| What you should do |
Print what the records say exactly, and omit the pictures.

| Supplied material |
────────────────────

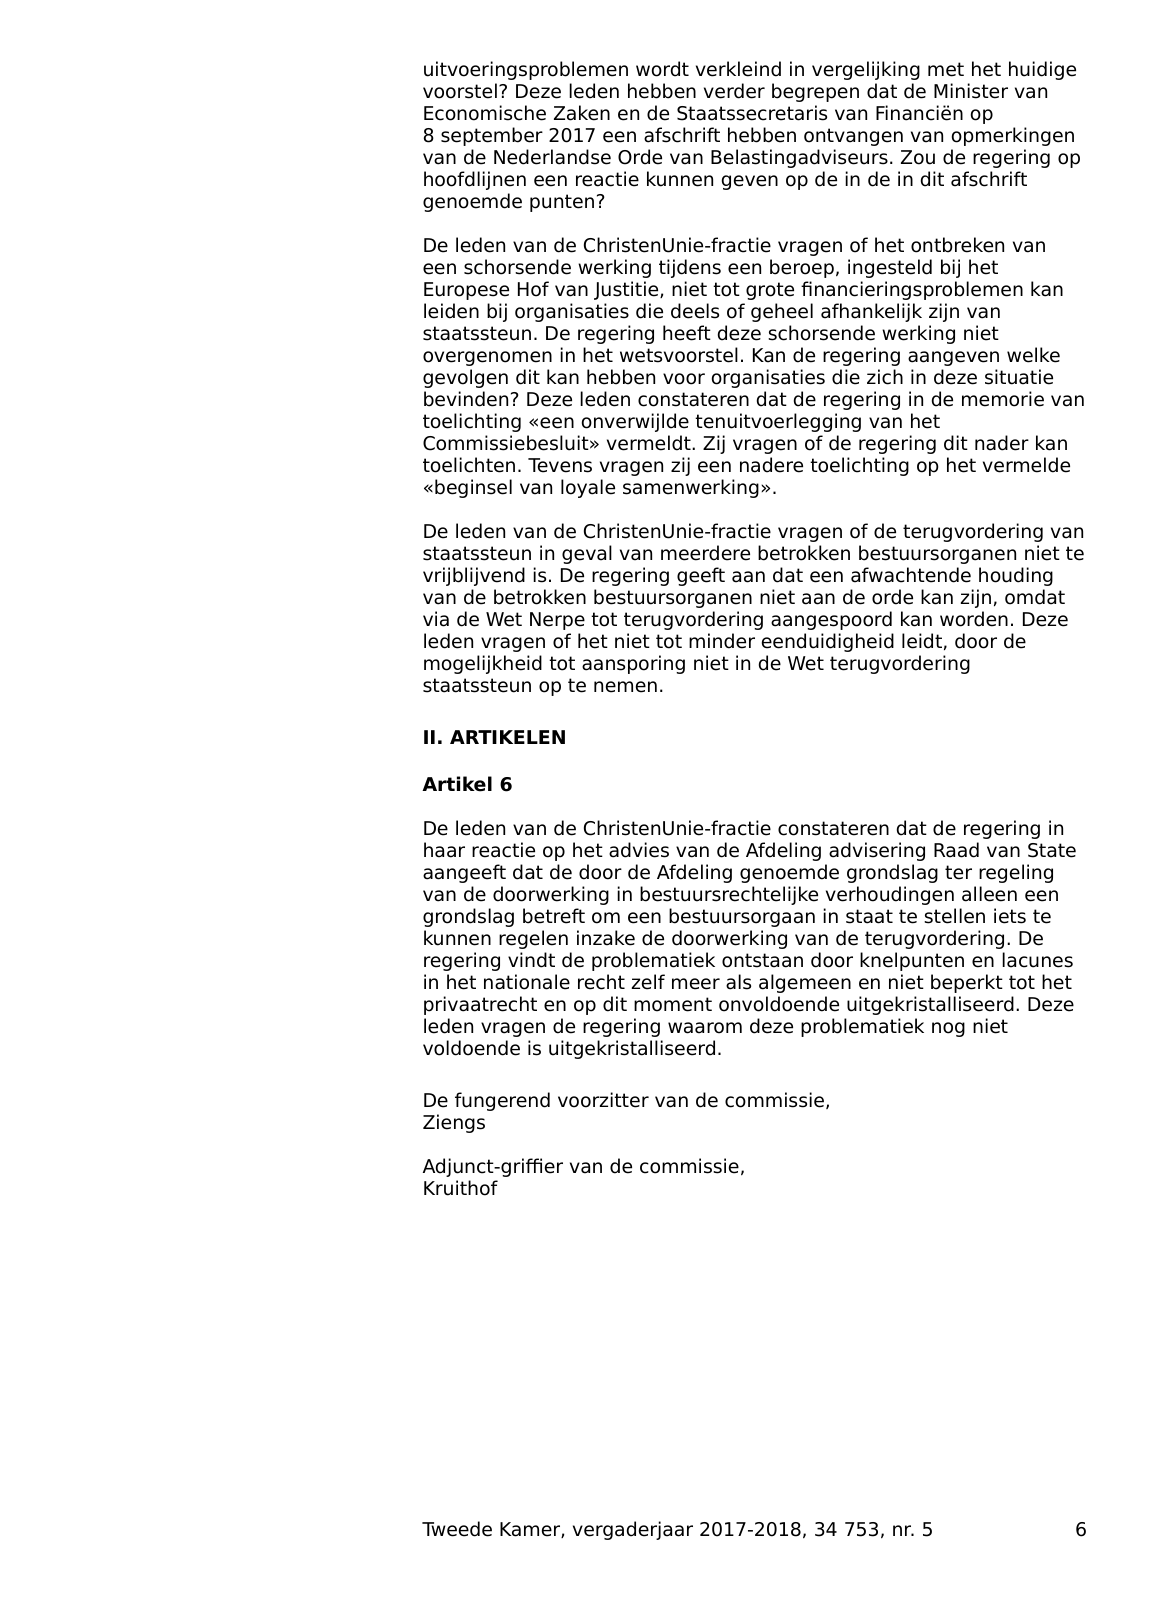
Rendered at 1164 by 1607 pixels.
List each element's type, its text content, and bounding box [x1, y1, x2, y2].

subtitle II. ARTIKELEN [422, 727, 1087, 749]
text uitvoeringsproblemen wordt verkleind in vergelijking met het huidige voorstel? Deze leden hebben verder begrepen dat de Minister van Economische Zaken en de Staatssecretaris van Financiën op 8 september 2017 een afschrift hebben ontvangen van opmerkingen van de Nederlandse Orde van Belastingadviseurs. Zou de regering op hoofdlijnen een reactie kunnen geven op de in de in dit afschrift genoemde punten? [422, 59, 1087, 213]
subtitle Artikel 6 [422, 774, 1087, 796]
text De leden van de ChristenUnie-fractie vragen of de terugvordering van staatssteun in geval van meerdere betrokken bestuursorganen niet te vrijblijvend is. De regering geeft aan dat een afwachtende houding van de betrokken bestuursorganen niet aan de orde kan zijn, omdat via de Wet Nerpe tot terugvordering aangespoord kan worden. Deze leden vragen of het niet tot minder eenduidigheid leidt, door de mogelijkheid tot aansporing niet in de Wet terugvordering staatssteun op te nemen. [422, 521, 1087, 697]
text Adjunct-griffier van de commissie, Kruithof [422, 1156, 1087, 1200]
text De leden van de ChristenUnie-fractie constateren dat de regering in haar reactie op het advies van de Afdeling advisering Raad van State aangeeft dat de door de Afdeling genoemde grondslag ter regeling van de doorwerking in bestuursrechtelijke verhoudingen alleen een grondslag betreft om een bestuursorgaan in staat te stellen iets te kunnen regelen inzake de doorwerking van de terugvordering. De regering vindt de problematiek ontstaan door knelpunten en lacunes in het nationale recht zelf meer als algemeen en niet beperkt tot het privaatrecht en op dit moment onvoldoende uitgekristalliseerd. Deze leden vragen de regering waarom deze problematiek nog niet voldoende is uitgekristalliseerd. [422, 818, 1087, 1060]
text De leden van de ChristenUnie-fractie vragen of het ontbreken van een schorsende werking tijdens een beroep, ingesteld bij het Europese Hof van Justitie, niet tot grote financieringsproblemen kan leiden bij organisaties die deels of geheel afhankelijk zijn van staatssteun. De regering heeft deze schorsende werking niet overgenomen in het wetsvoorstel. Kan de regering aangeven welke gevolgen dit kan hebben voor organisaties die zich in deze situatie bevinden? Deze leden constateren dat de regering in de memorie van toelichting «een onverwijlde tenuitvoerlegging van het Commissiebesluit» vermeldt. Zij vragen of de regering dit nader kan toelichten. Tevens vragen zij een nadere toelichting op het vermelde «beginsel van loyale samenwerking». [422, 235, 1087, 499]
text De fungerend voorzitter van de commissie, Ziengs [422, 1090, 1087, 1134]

────────────────────

| Task result |
Rendered at 1164 by 1607 pixels.
List each element's type, its text content, and bounding box [x1, y1, x2, y2].

subtitle II. ARTIKELEN [422, 727, 1087, 749]
text uitvoeringsproblemen wordt verkleind in vergelijking met het huidige voorstel? Deze leden hebben verder begrepen dat de Minister van Economische Zaken en de Staatssecretaris van Financiën op 8 september 2017 een afschrift hebben ontvangen van opmerkingen van de Nederlandse Orde van Belastingadviseurs. Zou de regering op hoofdlijnen een reactie kunnen geven op de in de in dit afschrift genoemde punten? [422, 59, 1087, 213]
subtitle Artikel 6 [422, 774, 1087, 796]
text De leden van de ChristenUnie-fractie vragen of de terugvordering van staatssteun in geval van meerdere betrokken bestuursorganen niet te vrijblijvend is. De regering geeft aan dat een afwachtende houding van de betrokken bestuursorganen niet aan de orde kan zijn, omdat via de Wet Nerpe tot terugvordering aangespoord kan worden. Deze leden vragen of het niet tot minder eenduidigheid leidt, door de mogelijkheid tot aansporing niet in de Wet terugvordering staatssteun op te nemen. [422, 521, 1087, 697]
text Adjunct-griffier van de commissie, Kruithof [422, 1156, 1087, 1200]
text De leden van de ChristenUnie-fractie constateren dat de regering in haar reactie op het advies van de Afdeling advisering Raad van State aangeeft dat de door de Afdeling genoemde grondslag ter regeling van de doorwerking in bestuursrechtelijke verhoudingen alleen een grondslag betreft om een bestuursorgaan in staat te stellen iets te kunnen regelen inzake de doorwerking van de terugvordering. De regering vindt de problematiek ontstaan door knelpunten en lacunes in het nationale recht zelf meer als algemeen en niet beperkt tot het privaatrecht en op dit moment onvoldoende uitgekristalliseerd. Deze leden vragen de regering waarom deze problematiek nog niet voldoende is uitgekristalliseerd. [422, 818, 1087, 1060]
text De leden van de ChristenUnie-fractie vragen of het ontbreken van een schorsende werking tijdens een beroep, ingesteld bij het Europese Hof van Justitie, niet tot grote financieringsproblemen kan leiden bij organisaties die deels of geheel afhankelijk zijn van staatssteun. De regering heeft deze schorsende werking niet overgenomen in het wetsvoorstel. Kan de regering aangeven welke gevolgen dit kan hebben voor organisaties die zich in deze situatie bevinden? Deze leden constateren dat de regering in de memorie van toelichting «een onverwijlde tenuitvoerlegging van het Commissiebesluit» vermeldt. Zij vragen of de regering dit nader kan toelichten. Tevens vragen zij een nadere toelichting op het vermelde «beginsel van loyale samenwerking». [422, 235, 1087, 499]
text De fungerend voorzitter van de commissie, Ziengs [422, 1090, 1087, 1134]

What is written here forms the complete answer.